Again, this theorem is Hilbertian in nature and follows from a more general version for unitary operators.

Theorem 2 If {T:\mathcal H\rightarrow\mathcal H} is a unitary operator on a Hilbert space {\mathcal H} and {p(x)\in\mathbb Z[x]} is a polynomial such that {p(n)\ge 0}, for every {n\ge 0}, and {p(0)=0}, then the sequence of operators

\displaystyle T_N=\dfrac{1}{N}\sum_{n=1}^NT^{p(n)},\ N\ge 1,

converges pointwise in norm.

Proof: The idea is the same as in Von Neumann’s Theorem: we look for an orthogonal decomposition {\mathcal H=\mathcal M\oplus\mathcal M^{\perp}} such that the behaviour of {T_N} is understood in each component. {\mathcal M} will represent the structured component of {T} and {\mathcal M^{\perp}} the randomic one in the following sense:

  • the long-time behaviour of elements {x\in\mathcal M} is (almost-)periodic.
  • the long-time behaviour of elements of {\mathcal M^{\perp}} self-amortizes and converges to zero.

Unfortunately, the decomposition of Von Neumann’s Theorem does not work here. In fact, let {x\in\mathcal H} be periodic with respect to {T}, say {T^ax=x}, {a\in\mathbb N}. If we write {N=aq+r}, 0\le r<a,

\displaystyle \begin{array}{rcl} T_Nx&=&\dfrac{1}{N}\displaystyle\sum_{n=1}^{N}T^nx\\ &=&\dfrac{1}{aq+r}\displaystyle\sum_{n=1}^{aq+r}T^{n\,({\rm mod}\,a)}x\\ &=&\dfrac{1}{aq+r}\left(q\cdot\displaystyle\sum_{n=0}^{a-1}T^nx+\displaystyle\sum_{n=1}^{r}T^nx\right)\\  &=&\dfrac{1}{a+rq^{-1}}\displaystyle\sum_{n=0}^{a-1}T^nx+\dfrac{1}{N}\displaystyle\sum_{n=1}^{r}T^nx  \end{array}

converges to {(x+Tx+\cdots+T^{a-1}x)/a}, because

\displaystyle \lim_{N\rightarrow+\infty}rq^{-1}=\lim_{N\rightarrow+\infty}\dfrac{1}{N}\sum_{n=1}^{r}T^nx=0.

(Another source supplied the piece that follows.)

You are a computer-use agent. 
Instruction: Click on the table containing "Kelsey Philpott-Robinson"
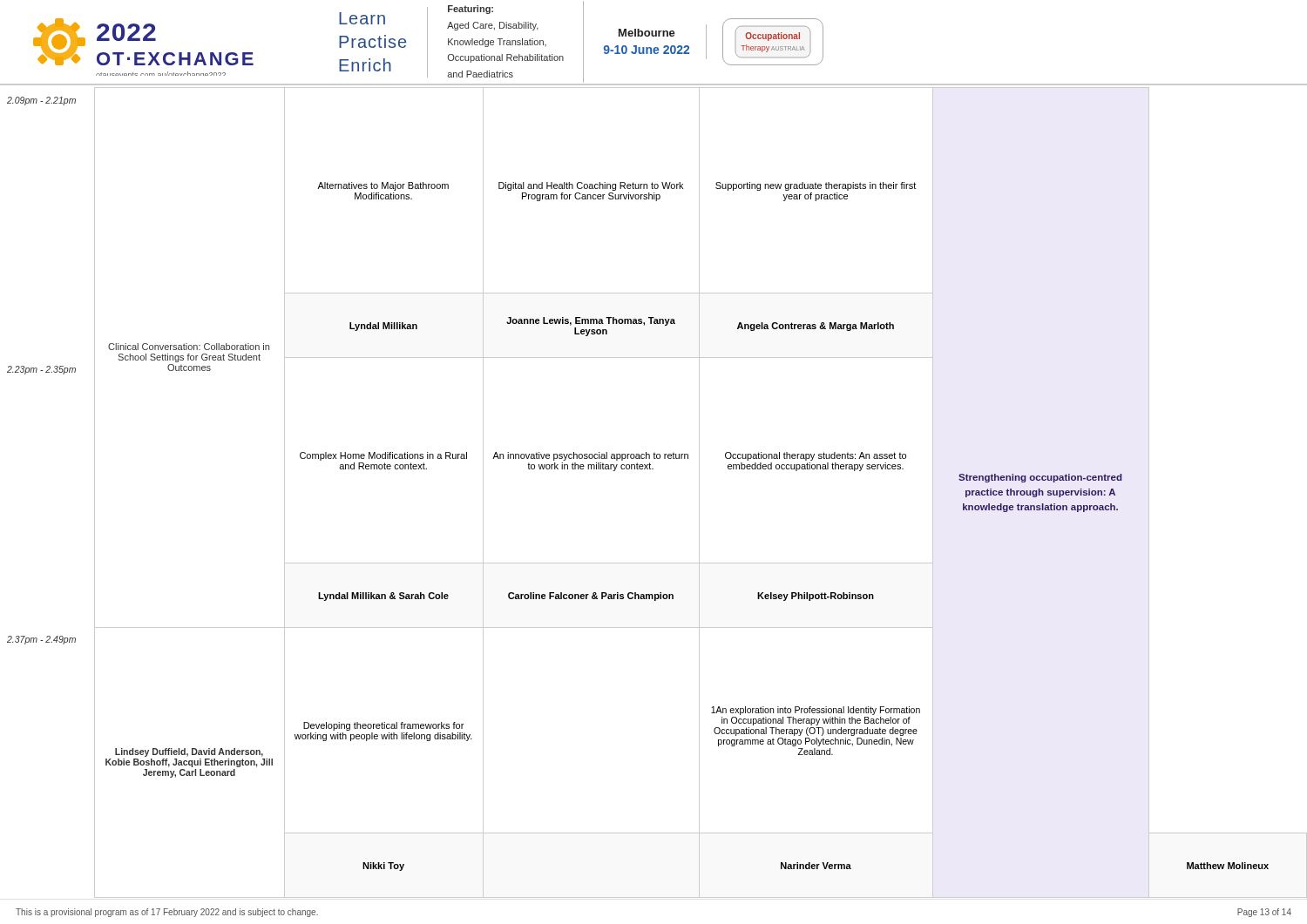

This means that every periodic point of {T} has a structured behaviour with respect to {T_N}. For this reason, let

\displaystyle \mathcal M=\overline{\{x\in\mathcal H\,;\,\exists\,a\in\mathbb N\text{ such that }T^ax=x\}}.

Exercise 1 Prove that the set of {x\in \mathcal H} for which the sequence {(T_Nx)_{N\ge 1}} converges is a closed subspace of {\mathcal H}.

By Exercise 1, the sequence {(T_Nx)_{N\ge 1}} converges whenever {x\in\mathcal M}. By linearity, it remains to prove convergence for {x\in\mathcal M^{\perp}}. Such subspace is characterized by

\mathcal M^{\perp}=\left\{x\in\mathcal H\,;\,\displaystyle\dfrac{1}{N}\sum_{n=1}^{N}T^{an}x\rightarrow 0\,,\ \forall\,a\in\mathbb N\right\}.\ \ \ \ \ \ \ (1)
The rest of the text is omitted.